■ Task prompt ■
This exercise calls for the whole listing to be given again exactly, without images.

■ Dataset content ■
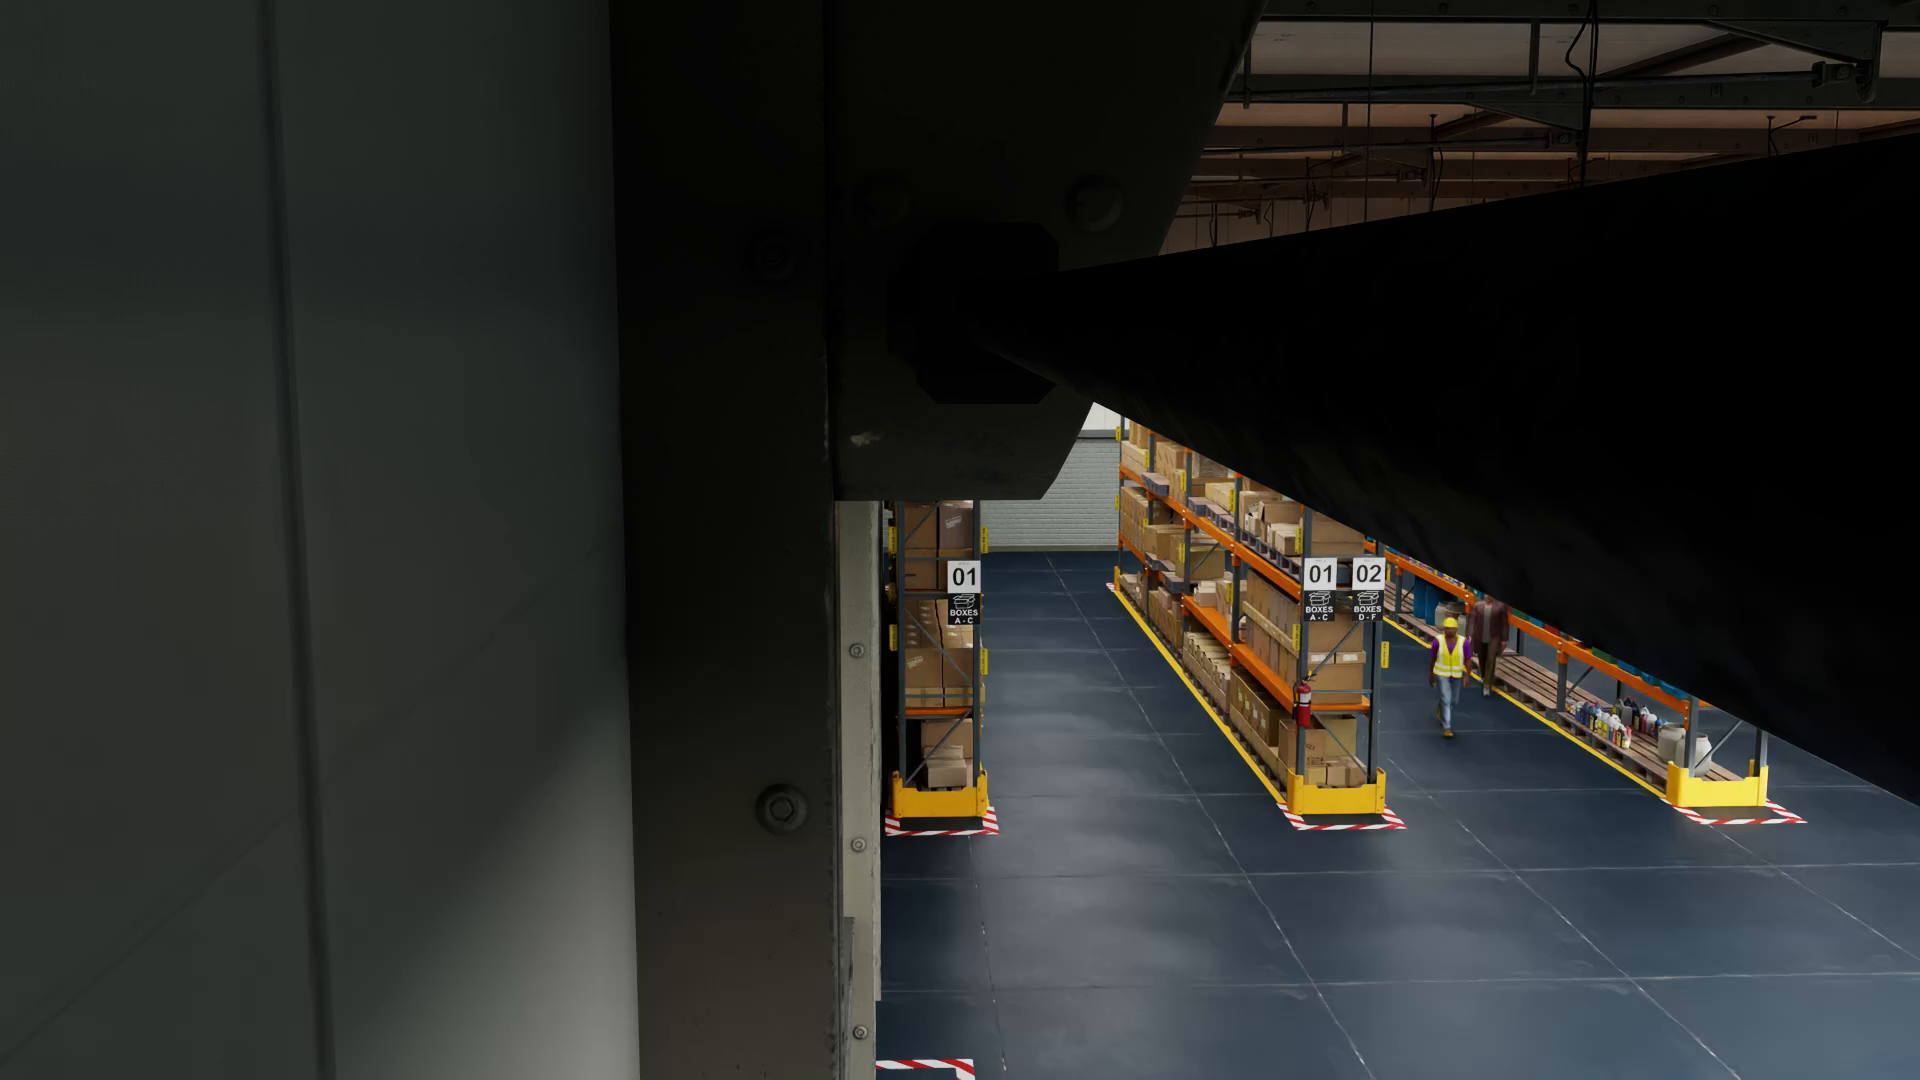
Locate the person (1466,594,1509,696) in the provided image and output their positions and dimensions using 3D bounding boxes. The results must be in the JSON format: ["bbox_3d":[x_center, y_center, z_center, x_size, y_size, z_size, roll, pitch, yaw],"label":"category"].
[{"bbox_3d":[8.530,1.599,26.884,0.634,1.715,1.207,4,9,28],"label":"person"}]

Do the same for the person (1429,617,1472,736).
[{"bbox_3d":[7.192,1.970,24.422,0.542,1.725,0.943,-1,8,-6],"label":"person"}]

■ Finished exercise ■
Locate the person (1466,594,1509,696) in the provided image and output their positions and dimensions using 3D bounding boxes. The results must be in the JSON format: ["bbox_3d":[x_center, y_center, z_center, x_size, y_size, z_size, roll, pitch, yaw],"label":"category"].
[{"bbox_3d":[8.530,1.599,26.884,0.634,1.715,1.207,4,9,28],"label":"person"}]

Do the same for the person (1429,617,1472,736).
[{"bbox_3d":[7.192,1.970,24.422,0.542,1.725,0.943,-1,8,-6],"label":"person"}]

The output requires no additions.